Test completed successfully
The above confirmed that my Python 3 binding into the specific HealthShare database (SAMPLES namespace: Sample.Person table ) has been working within a tensorflow-gpu environment.
5. What's next
Now we have a basic environment with some popular tools to start to try some real deep learning demos.
Next in "Part II" We will use Jupyter Notebook to run the sample codes, and try to explore the key concept of various models and their capabilities, starting from the most classic one that almost everybody started with. We will always try to find the simplest approach or shortcut to explore how to train/predict some common sample data, before we even attempt to imagine or collect some real cases together in the long reach.
Most of the work here were re-done over the peaceful Christmas and New Year holiday. I re-installed most tools listed above for my wife on various MacOS/Linux/Windows platforms since her best PhD student graduated on time by then, so I became her "IT support" during the holiday. For this demo kit listed here, the only thing extra was to run the Python binding to a HealthShare instance.
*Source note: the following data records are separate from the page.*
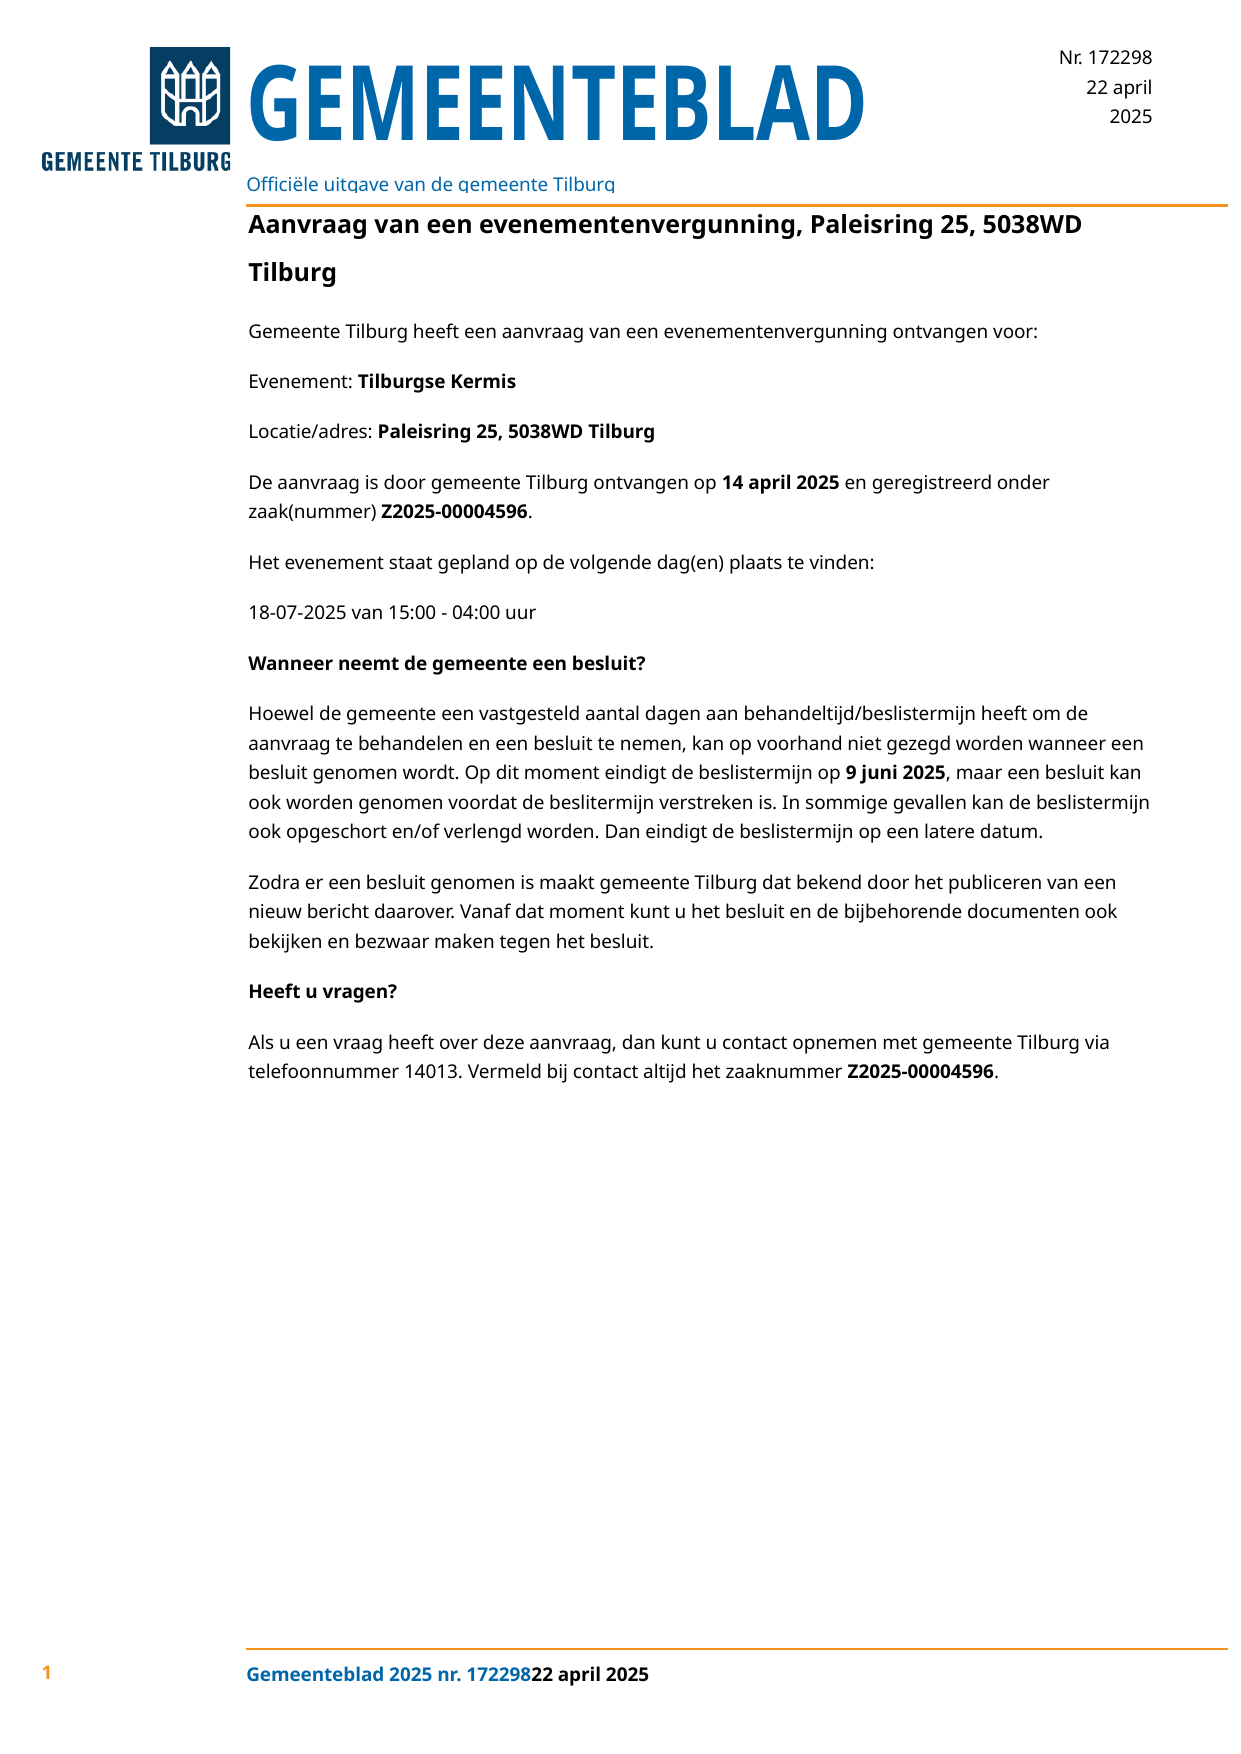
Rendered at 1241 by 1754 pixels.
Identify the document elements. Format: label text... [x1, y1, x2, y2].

text Hoewel de gemeente een vastgesteld aantal dagen aan behandeltijd/beslistermijn heeft om de aanvraag te behandelen en een besluit te nemen, kan op voorhand niet gezegd worden wanneer een besluit genomen wordt. Op dit moment eindigt de beslistermijn op 9 juni 2025, maar een besluit kan ook worden genomen voordat de beslitermijn verstreken is. In sommige gevallen kan de beslistermijn ook opgeschort en/of verlengd worden. Dan eindigt de beslistermijn op een latere datum. [248, 700, 1152, 844]
text Zodra er een besluit genomen is maakt gemeente Tilburg dat bekend door het publiceren van een nieuw bericht daarover. Vanaf dat moment kunt u het besluit en de bijbehorende documenten ook bekijken en bezwaar maken tegen het besluit. [248, 869, 1152, 954]
text 18-07-2025 van 15:00 - 04:00 uur [248, 599, 1152, 625]
text Heeft u vragen? [248, 979, 1152, 1004]
text De aanvraag is door gemeente Tilburg ontvangen op 14 april 2025 en geregistreerd onder zaak(nummer) Z2025-00004596. [248, 469, 1152, 524]
text Wanneer neemt de gemeente een besluit? [248, 650, 1152, 676]
text Als u een vraag heeft over deze aanvraag, dan kunt u contact opnemen met gemeente Tilburg via telefoonnummer 14013. Vermeld bij contact altijd het zaaknummer Z2025-00004596. [248, 1029, 1152, 1084]
text Aanvraag van een evenementenvergunning, Paleisring 25, 5038WD Tilburg [248, 207, 1152, 288]
text Evenement: Tilburgse Kermis [248, 368, 1152, 394]
text Het evenement staat gepland op de volgende dag(en) plaats te vinden: [248, 549, 1152, 575]
picture [41, 47, 231, 172]
text Locatie/adres: Paleisring 25, 5038WD Tilburg [248, 419, 1152, 444]
text Gemeente Tilburg heeft een aanvraag van een evenementenvergunning ontvangen voor: [248, 318, 1152, 344]

7.1 GPU driver update: I was reminded by my teenage son that updating GPU driver directly occasionally caused issue for other applications such as Matlab or common gaming platforms, so you need to be comfortable fiddling through their fixes.
7.2 Simple shortcut: Whenever possible, we will always try the simplest code or shortcuts. For any possible real cases or implications, the formal methodologies on the model parameter optimisation as well as data normalisation would always be heavy-weight tasks that need not be considered here for demo data set.